DATA RECORDS Block Start
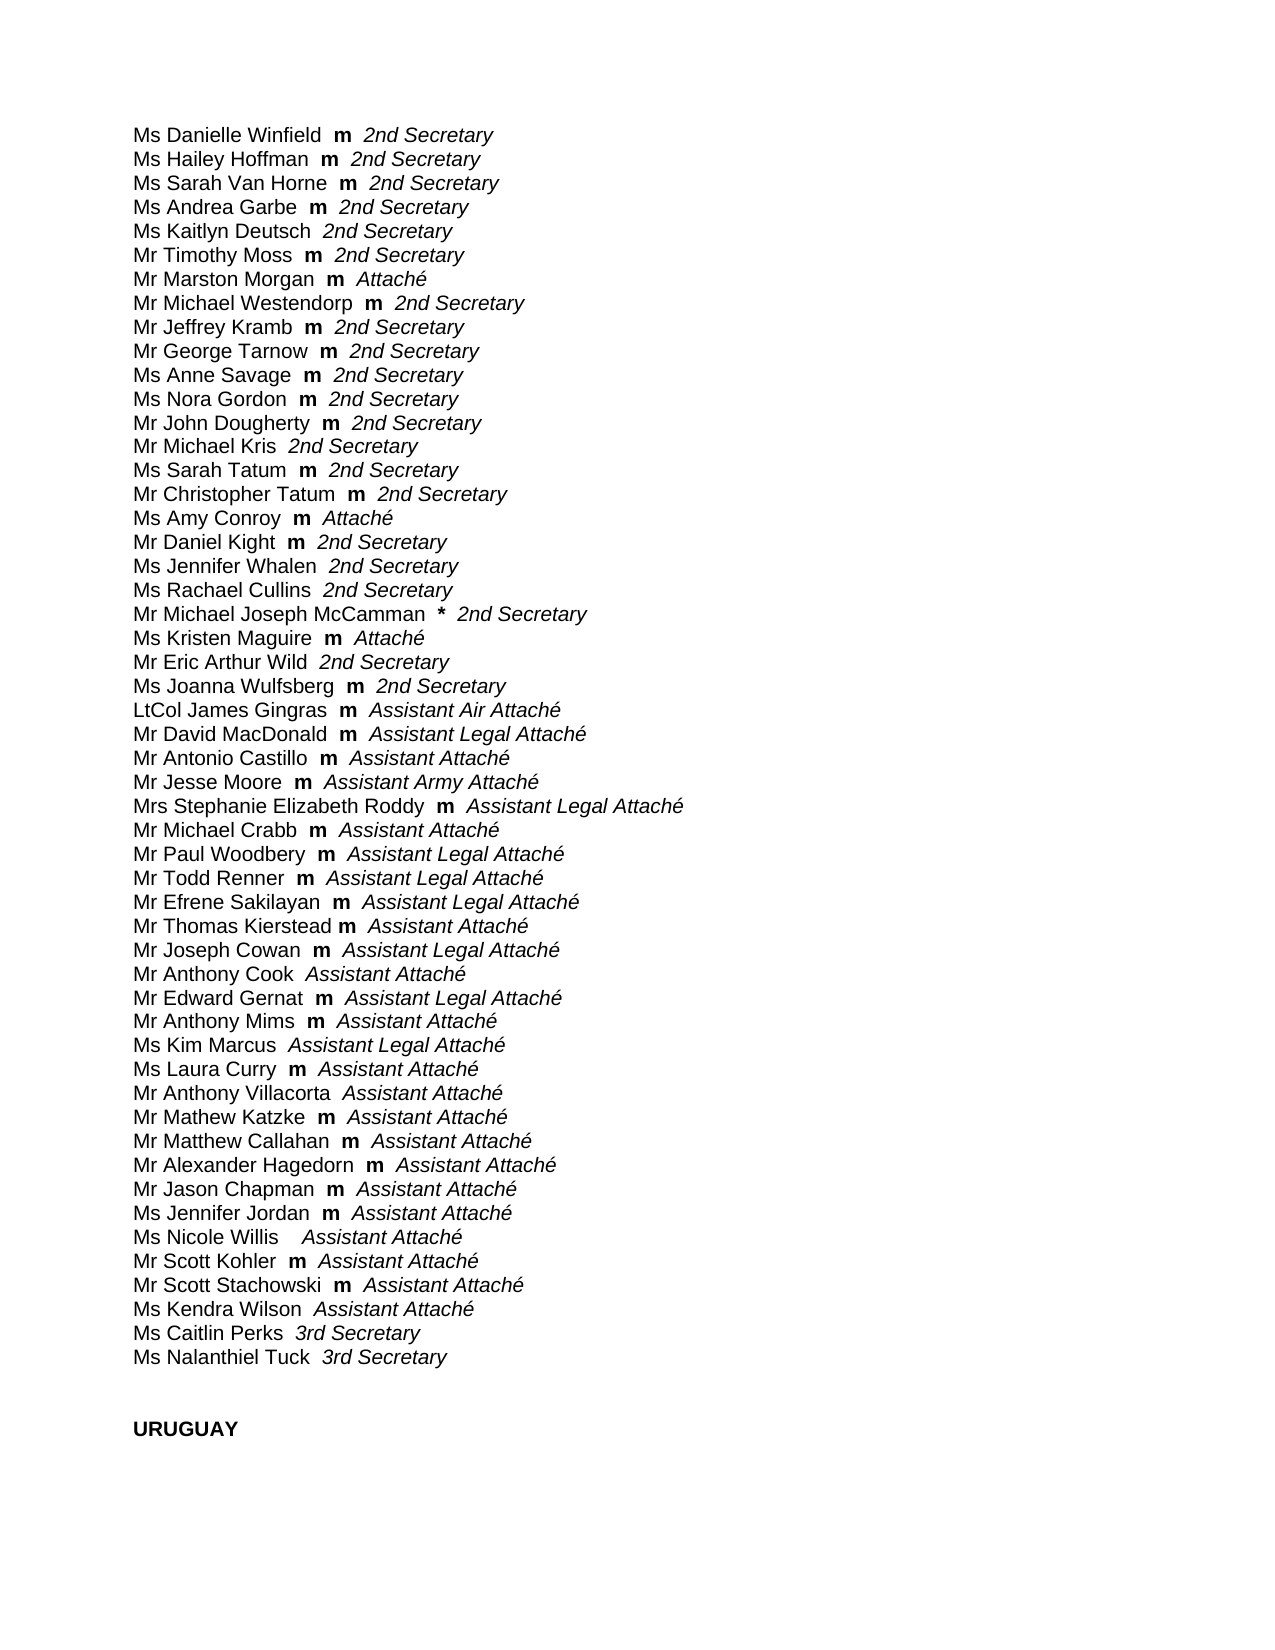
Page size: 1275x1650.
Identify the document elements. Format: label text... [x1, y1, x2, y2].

text Mr Matthew Callahan m Assistant Attaché [133, 1129, 1181, 1153]
text Mr John Dougherty m 2nd Secretary [133, 410, 1181, 434]
text Mr George Tarnow m 2nd Secretary [133, 338, 1181, 362]
text Ms Caitlin Perks 3rd Secretary [133, 1321, 1181, 1345]
text Mr Scott Stachowski m Assistant Attaché [133, 1273, 1181, 1297]
text Mr Joseph Cowan m Assistant Legal Attaché [133, 937, 1181, 961]
text Mr Daniel Kight m 2nd Secretary [133, 530, 1181, 554]
text Mr David MacDonald m Assistant Legal Attaché [133, 722, 1181, 746]
text Mr Jason Chapman m Assistant Attaché [133, 1177, 1181, 1201]
text Mr Thomas Kierstead m Assistant Attaché [133, 913, 1181, 937]
text Ms Nicole Willis Assistant Attaché [133, 1225, 1181, 1249]
text Mr Edward Gernat m Assistant Legal Attaché [133, 985, 1181, 1009]
text Mr Scott Kohler m Assistant Attaché [133, 1249, 1181, 1273]
text Ms Joanna Wulfsberg m 2nd Secretary [133, 674, 1181, 698]
text Mr Michael Kris 2nd Secretary [133, 434, 1181, 458]
text URUGUAY [133, 1417, 1181, 1441]
text Mr Antonio Castillo m Assistant Attaché [133, 746, 1181, 770]
text Ms Rachael Cullins 2nd Secretary [133, 578, 1181, 602]
text Ms Jennifer Jordan m Assistant Attaché [133, 1201, 1181, 1225]
text Mr Michael Joseph McCamman * 2nd Secretary [133, 602, 1181, 626]
text Ms Hailey Hoffman m 2nd Secretary [133, 147, 1181, 171]
text Mr Anthony Villacorta Assistant Attaché [133, 1081, 1181, 1105]
text Mr Timothy Moss m 2nd Secretary [133, 243, 1181, 267]
text Mr Alexander Hagedorn m Assistant Attaché [133, 1153, 1181, 1177]
text Ms Amy Conroy m Attaché [133, 506, 1181, 530]
text Mr Michael Crabb m Assistant Attaché [133, 818, 1181, 842]
text Ms Nalanthiel Tuck 3rd Secretary [133, 1345, 1181, 1369]
text Mr Efrene Sakilayan m Assistant Legal Attaché [133, 889, 1181, 913]
text Ms Kendra Wilson Assistant Attaché [133, 1297, 1181, 1321]
text Ms Anne Savage m 2nd Secretary [133, 362, 1181, 386]
text Ms Danielle Winfield m 2nd Secretary [133, 123, 1181, 147]
text Mr Christopher Tatum m 2nd Secretary [133, 482, 1181, 506]
text Mr Anthony Cook Assistant Attaché [133, 961, 1181, 985]
text Ms Sarah Van Horne m 2nd Secretary [133, 171, 1181, 195]
text Mr Mathew Katzke m Assistant Attaché [133, 1105, 1181, 1129]
text Ms Sarah Tatum m 2nd Secretary [133, 458, 1181, 482]
text Mr Eric Arthur Wild 2nd Secretary [133, 650, 1181, 674]
text Mr Jesse Moore m Assistant Army Attaché [133, 770, 1181, 794]
text Ms Andrea Garbe m 2nd Secretary [133, 195, 1181, 219]
text Mr Jeffrey Kramb m 2nd Secretary [133, 314, 1181, 338]
text Ms Nora Gordon m 2nd Secretary [133, 386, 1181, 410]
text Ms Jennifer Whalen 2nd Secretary [133, 554, 1181, 578]
text LtCol James Gingras m Assistant Air Attaché [133, 698, 1181, 722]
text Mr Anthony Mims m Assistant Attaché [133, 1009, 1181, 1033]
text Ms Laura Curry m Assistant Attaché [133, 1057, 1181, 1081]
text Mr Paul Woodbery m Assistant Legal Attaché [133, 842, 1181, 866]
text Ms Kim Marcus Assistant Legal Attaché [133, 1033, 1181, 1057]
text Ms Kaitlyn Deutsch 2nd Secretary [133, 219, 1181, 243]
text Ms Kristen Maguire m Attaché [133, 626, 1181, 650]
text Mr Marston Morgan m Attaché [133, 267, 1181, 291]
text Mr Michael Westendorp m 2nd Secretary [133, 291, 1181, 314]
text Mr Todd Renner m Assistant Legal Attaché [133, 866, 1181, 889]
text Mrs Stephanie Elizabeth Roddy m Assistant Legal Attaché [133, 794, 1181, 818]
DATA RECORDS Block End
**YOUR GOAL:** The response should repeat every entry above exactly and include none of the pictures.

**TASK OUTPUT:**
Page size: 1275x1650.
Identify the document elements. Format: label text... [x1, y1, x2, y2].

text Mr Matthew Callahan m Assistant Attaché [133, 1129, 1181, 1153]
text Mr John Dougherty m 2nd Secretary [133, 410, 1181, 434]
text Mr George Tarnow m 2nd Secretary [133, 338, 1181, 362]
text Ms Caitlin Perks 3rd Secretary [133, 1321, 1181, 1345]
text Mr Scott Stachowski m Assistant Attaché [133, 1273, 1181, 1297]
text Mr Joseph Cowan m Assistant Legal Attaché [133, 937, 1181, 961]
text Mr Daniel Kight m 2nd Secretary [133, 530, 1181, 554]
text Mr David MacDonald m Assistant Legal Attaché [133, 722, 1181, 746]
text Mr Jason Chapman m Assistant Attaché [133, 1177, 1181, 1201]
text Mr Thomas Kierstead m Assistant Attaché [133, 913, 1181, 937]
text Ms Nicole Willis Assistant Attaché [133, 1225, 1181, 1249]
text Mr Edward Gernat m Assistant Legal Attaché [133, 985, 1181, 1009]
text Mr Scott Kohler m Assistant Attaché [133, 1249, 1181, 1273]
text Ms Joanna Wulfsberg m 2nd Secretary [133, 674, 1181, 698]
text Mr Michael Kris 2nd Secretary [133, 434, 1181, 458]
text URUGUAY [133, 1417, 1181, 1441]
text Mr Antonio Castillo m Assistant Attaché [133, 746, 1181, 770]
text Ms Rachael Cullins 2nd Secretary [133, 578, 1181, 602]
text Ms Jennifer Jordan m Assistant Attaché [133, 1201, 1181, 1225]
text Mr Michael Joseph McCamman * 2nd Secretary [133, 602, 1181, 626]
text Ms Hailey Hoffman m 2nd Secretary [133, 147, 1181, 171]
text Mr Anthony Villacorta Assistant Attaché [133, 1081, 1181, 1105]
text Mr Timothy Moss m 2nd Secretary [133, 243, 1181, 267]
text Mr Alexander Hagedorn m Assistant Attaché [133, 1153, 1181, 1177]
text Ms Amy Conroy m Attaché [133, 506, 1181, 530]
text Mr Michael Crabb m Assistant Attaché [133, 818, 1181, 842]
text Ms Nalanthiel Tuck 3rd Secretary [133, 1345, 1181, 1369]
text Mr Efrene Sakilayan m Assistant Legal Attaché [133, 889, 1181, 913]
text Ms Kendra Wilson Assistant Attaché [133, 1297, 1181, 1321]
text Ms Anne Savage m 2nd Secretary [133, 362, 1181, 386]
text Ms Danielle Winfield m 2nd Secretary [133, 123, 1181, 147]
text Mr Christopher Tatum m 2nd Secretary [133, 482, 1181, 506]
text Mr Anthony Cook Assistant Attaché [133, 961, 1181, 985]
text Ms Sarah Van Horne m 2nd Secretary [133, 171, 1181, 195]
text Mr Mathew Katzke m Assistant Attaché [133, 1105, 1181, 1129]
text Ms Sarah Tatum m 2nd Secretary [133, 458, 1181, 482]
text Mr Eric Arthur Wild 2nd Secretary [133, 650, 1181, 674]
text Mr Jesse Moore m Assistant Army Attaché [133, 770, 1181, 794]
text Ms Andrea Garbe m 2nd Secretary [133, 195, 1181, 219]
text Mr Jeffrey Kramb m 2nd Secretary [133, 314, 1181, 338]
text Ms Nora Gordon m 2nd Secretary [133, 386, 1181, 410]
text Ms Jennifer Whalen 2nd Secretary [133, 554, 1181, 578]
text LtCol James Gingras m Assistant Air Attaché [133, 698, 1181, 722]
text Mr Anthony Mims m Assistant Attaché [133, 1009, 1181, 1033]
text Ms Laura Curry m Assistant Attaché [133, 1057, 1181, 1081]
text Mr Paul Woodbery m Assistant Legal Attaché [133, 842, 1181, 866]
text Ms Kim Marcus Assistant Legal Attaché [133, 1033, 1181, 1057]
text Ms Kaitlyn Deutsch 2nd Secretary [133, 219, 1181, 243]
text Ms Kristen Maguire m Attaché [133, 626, 1181, 650]
text Mr Marston Morgan m Attaché [133, 267, 1181, 291]
text Mr Michael Westendorp m 2nd Secretary [133, 291, 1181, 314]
text Mr Todd Renner m Assistant Legal Attaché [133, 866, 1181, 889]
text Mrs Stephanie Elizabeth Roddy m Assistant Legal Attaché [133, 794, 1181, 818]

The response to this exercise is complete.